• [WHAT YOU NEED TO DO] Report each line of the data below in which "Caracalla" appears.

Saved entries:

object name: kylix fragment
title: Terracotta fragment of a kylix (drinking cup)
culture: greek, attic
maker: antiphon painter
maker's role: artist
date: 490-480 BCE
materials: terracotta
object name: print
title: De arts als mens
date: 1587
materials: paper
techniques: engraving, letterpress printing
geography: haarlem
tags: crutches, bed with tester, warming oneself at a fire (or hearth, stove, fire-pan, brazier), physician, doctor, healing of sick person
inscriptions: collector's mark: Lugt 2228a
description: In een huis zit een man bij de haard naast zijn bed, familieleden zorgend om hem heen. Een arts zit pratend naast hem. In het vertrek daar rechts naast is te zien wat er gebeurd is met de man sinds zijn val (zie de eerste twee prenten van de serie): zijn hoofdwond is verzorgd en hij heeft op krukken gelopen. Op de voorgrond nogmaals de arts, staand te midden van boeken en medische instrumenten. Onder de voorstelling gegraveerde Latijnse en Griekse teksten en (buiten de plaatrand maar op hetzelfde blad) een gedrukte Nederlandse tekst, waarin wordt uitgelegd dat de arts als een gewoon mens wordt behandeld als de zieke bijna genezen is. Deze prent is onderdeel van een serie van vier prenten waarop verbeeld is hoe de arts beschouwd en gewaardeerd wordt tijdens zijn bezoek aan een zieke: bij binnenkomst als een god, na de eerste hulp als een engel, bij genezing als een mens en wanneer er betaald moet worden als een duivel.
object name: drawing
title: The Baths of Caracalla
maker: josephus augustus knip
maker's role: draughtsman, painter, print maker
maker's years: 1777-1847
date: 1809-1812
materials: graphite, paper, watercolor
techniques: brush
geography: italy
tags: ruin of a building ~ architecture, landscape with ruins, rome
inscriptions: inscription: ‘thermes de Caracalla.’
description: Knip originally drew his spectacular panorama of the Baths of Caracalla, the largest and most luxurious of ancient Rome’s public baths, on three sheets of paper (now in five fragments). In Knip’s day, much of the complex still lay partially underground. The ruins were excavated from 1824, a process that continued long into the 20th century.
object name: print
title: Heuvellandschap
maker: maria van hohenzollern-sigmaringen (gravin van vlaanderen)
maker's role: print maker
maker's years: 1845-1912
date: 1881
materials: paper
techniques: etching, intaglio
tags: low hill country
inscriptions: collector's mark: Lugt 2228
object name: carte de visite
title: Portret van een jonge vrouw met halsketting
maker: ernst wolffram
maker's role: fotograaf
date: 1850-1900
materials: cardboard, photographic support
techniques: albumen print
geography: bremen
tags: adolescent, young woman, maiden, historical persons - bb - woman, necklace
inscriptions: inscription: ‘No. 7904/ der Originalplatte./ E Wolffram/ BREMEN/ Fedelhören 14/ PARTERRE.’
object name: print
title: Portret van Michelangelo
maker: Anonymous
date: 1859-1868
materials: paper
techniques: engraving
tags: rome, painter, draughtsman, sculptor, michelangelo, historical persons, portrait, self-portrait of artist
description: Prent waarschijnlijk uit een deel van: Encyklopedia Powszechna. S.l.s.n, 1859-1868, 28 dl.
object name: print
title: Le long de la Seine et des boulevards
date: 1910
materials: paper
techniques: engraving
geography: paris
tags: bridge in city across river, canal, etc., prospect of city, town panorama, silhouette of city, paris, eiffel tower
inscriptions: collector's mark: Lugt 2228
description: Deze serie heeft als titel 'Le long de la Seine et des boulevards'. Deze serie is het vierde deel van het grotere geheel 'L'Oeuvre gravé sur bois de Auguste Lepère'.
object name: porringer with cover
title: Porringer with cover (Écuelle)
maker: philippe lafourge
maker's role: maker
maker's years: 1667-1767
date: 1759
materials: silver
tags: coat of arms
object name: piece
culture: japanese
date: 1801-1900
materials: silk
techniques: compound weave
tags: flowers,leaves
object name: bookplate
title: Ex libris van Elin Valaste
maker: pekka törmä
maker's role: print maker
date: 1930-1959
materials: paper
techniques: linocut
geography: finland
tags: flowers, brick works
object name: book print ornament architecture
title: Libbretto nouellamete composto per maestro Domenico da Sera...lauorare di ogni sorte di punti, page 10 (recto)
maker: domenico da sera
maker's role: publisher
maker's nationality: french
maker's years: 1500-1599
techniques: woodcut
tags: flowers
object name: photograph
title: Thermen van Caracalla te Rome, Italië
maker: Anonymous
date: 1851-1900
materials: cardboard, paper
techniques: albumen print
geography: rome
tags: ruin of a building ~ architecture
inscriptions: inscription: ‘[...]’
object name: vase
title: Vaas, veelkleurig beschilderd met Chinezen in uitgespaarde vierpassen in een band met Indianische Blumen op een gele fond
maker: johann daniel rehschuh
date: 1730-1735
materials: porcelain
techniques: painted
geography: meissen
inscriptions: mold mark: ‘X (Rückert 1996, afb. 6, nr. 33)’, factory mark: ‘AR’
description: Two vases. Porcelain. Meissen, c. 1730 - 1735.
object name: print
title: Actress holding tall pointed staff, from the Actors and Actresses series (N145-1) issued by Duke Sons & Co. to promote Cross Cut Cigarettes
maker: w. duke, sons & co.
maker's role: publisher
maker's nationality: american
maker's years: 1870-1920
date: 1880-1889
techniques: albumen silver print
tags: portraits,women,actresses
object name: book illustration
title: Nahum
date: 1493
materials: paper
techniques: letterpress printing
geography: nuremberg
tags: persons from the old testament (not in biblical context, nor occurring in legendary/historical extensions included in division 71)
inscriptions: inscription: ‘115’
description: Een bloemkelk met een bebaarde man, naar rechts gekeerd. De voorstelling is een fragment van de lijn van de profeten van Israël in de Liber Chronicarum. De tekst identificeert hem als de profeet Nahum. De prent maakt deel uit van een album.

• [TASK ANSWER]
title: The Baths of Caracalla
inscriptions: inscription: ‘thermes de Caracalla.’
description: Knip originally drew his spectacular panorama of the Baths of Caracalla, the largest and most luxurious of ancient Rome’s public baths, on three sheets of paper (now in five fragments). In Knip’s day, much of the complex still lay partially underground. The ruins were excavated from 1824, a process that continued long into the 20th century.
title: Thermen van Caracalla te Rome, Italië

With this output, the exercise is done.